Design:A cross-sectional survey.
Measures: We designed the ‘Priorities for Research in Nursing Questionnaire; Forensic Mental Health Version’ (PRiNQ-FMH 1.0). The table of contents, from 3 leading mental health research journals was examined, namely; ‘The Journal of Psychiatric and Mental Health Nursing’, ‘The International Journal of Mental Health Nursing’, and ‘Issues in Mental Health Nursing’. For the year 2016, 27 original research items were identified, and information extracted about the aim of the study. This was phrased in terms of ‘research which….’ (e.g. ‘Research which aims to assess current knowledge and attitudes to recovery among nursing staff and patients in a secure, forensic setting’).
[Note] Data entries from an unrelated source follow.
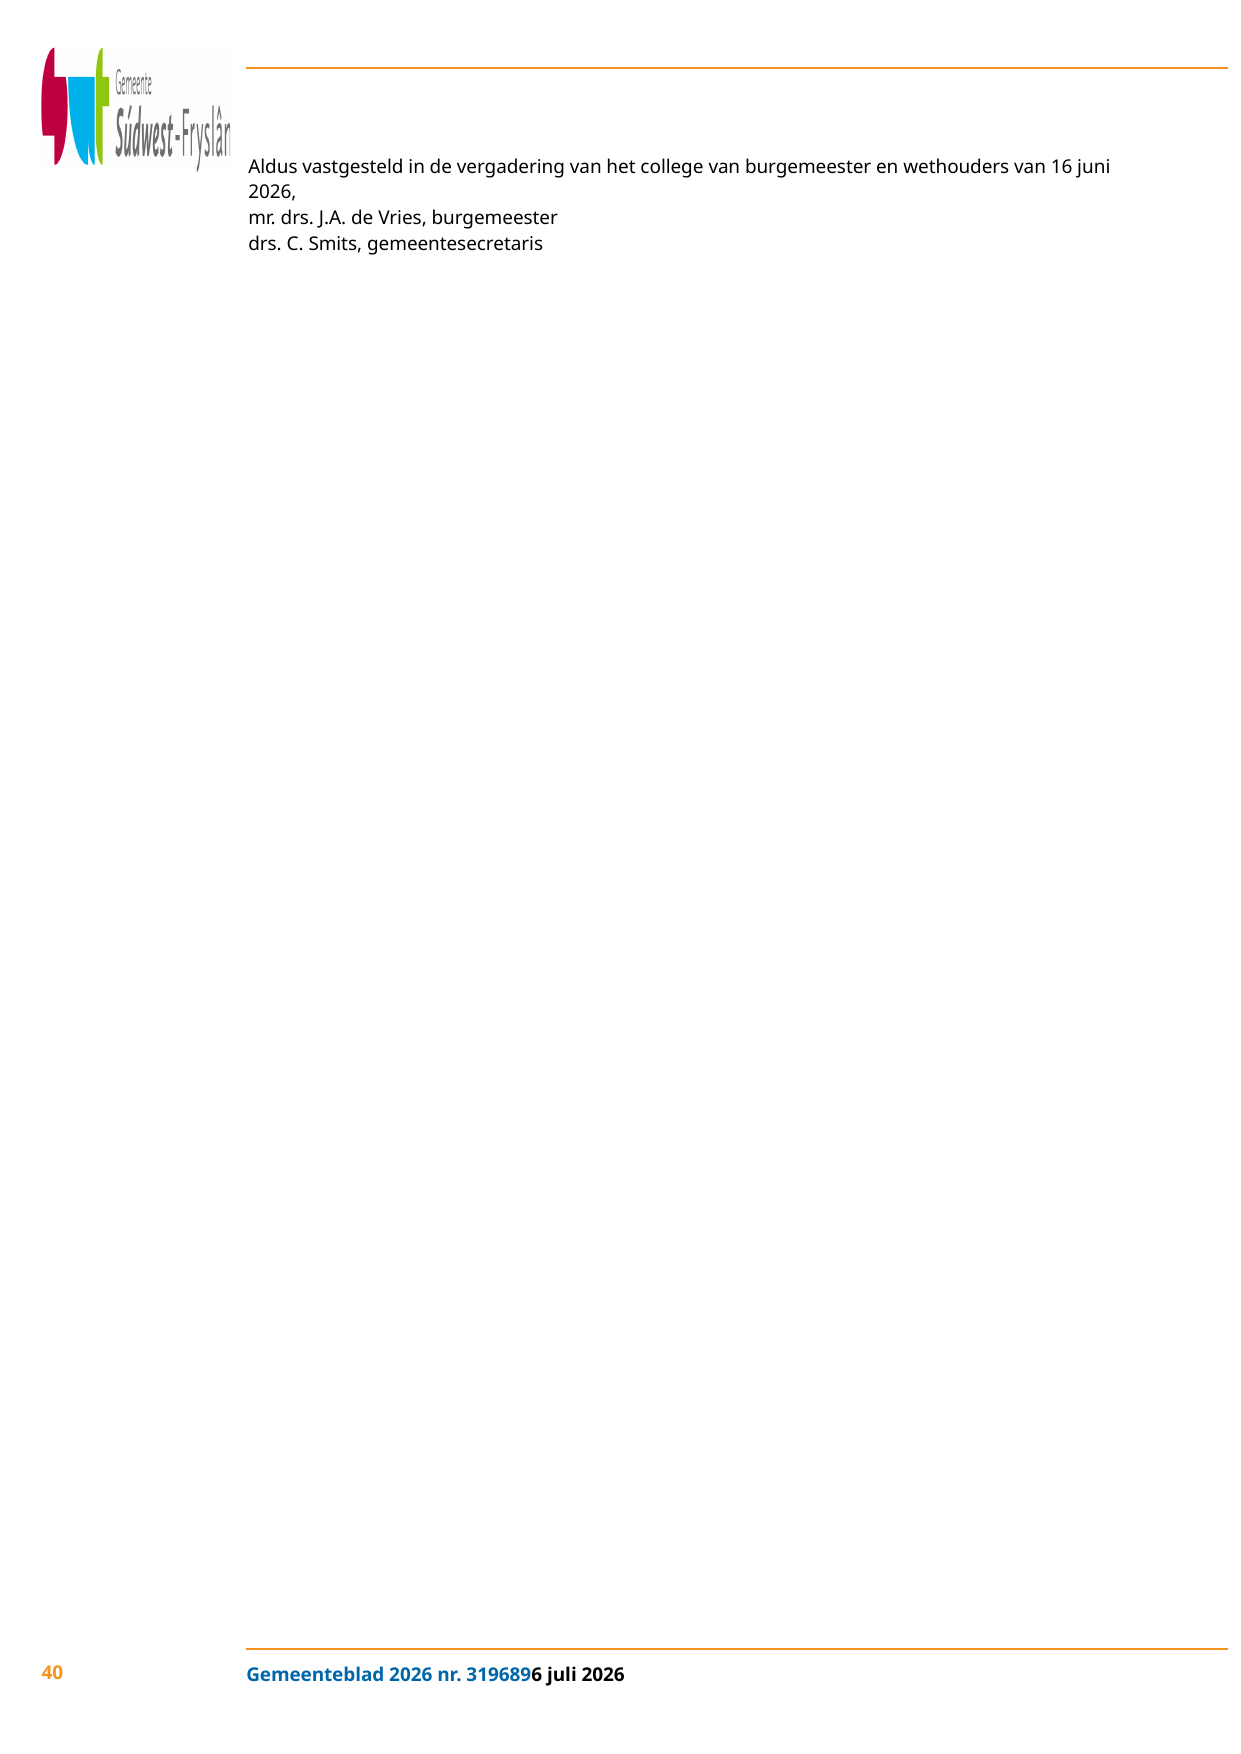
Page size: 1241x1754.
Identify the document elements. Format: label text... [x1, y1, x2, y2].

picture [41, 47, 231, 172]
text Aldus vastgesteld in de vergadering van het college van burgemeester en wethouders van 16 juni 2026, [248, 153, 1152, 204]
text mr. drs. J.A. de Vries, burgemeester [248, 204, 1152, 230]
text drs. C. Smits, gemeentesecretaris [248, 230, 1152, 256]

A scale was created asking participants to rate (answering either ‘not at all’, ‘a little’ ‘a fair amount’, ‘a moderate amount’, ‘a large amount’ or ‘a very large extent’) whether this research: would lead to improved patient outcomes; would lead to improved nursing practice; would lead to improved staff experience; could be done at Rohallion Unit; would be supported by managers; and should be a priority.
Procedure: Ethical approval was obtained from Abertay University. The survey was conducted on Survey Monkey and a link to this distributed via the NHS e-mail system.
As a consequence of this study, a research proposal has been developed; the aim of which is to understand the experiences of new graduate nurses in forensic mental health services in their first year of clinical practice via semi-structured interviews. This is awaiting approval from NHS Tayside’s ‘Research and Development’ and Ethical committee.
Barlow, E., 2014. Acute mental health nursing and prn medication administration: a review of the literature. Mental Health Nursing. Vol. 34 (6). PP. 13-15.
Barlow, E., 2015. A day in the life of Mental Health Nursing, Mental Health Nursing, Vol. 35(6). PP. 10-12.
Barlow, E., 2016. How is clinical decision making used when assessing the suicide risk for in-patients. Mental Health Nursing, Vol. 36(8). PP. 14-1
23rd Mental Health Nursing Research Conference
‘A systematic review of leave’.
Scottish Forensic Network Conference
‘A systematic review of leave’.
Attended a Borderline Personality Disorder support group through MIndspace, Perth. Here I delivered a session along with Professor Geoff Dickens, titled 'Lets talk about Borderline Personality Disorder' which discussed the science of BPD.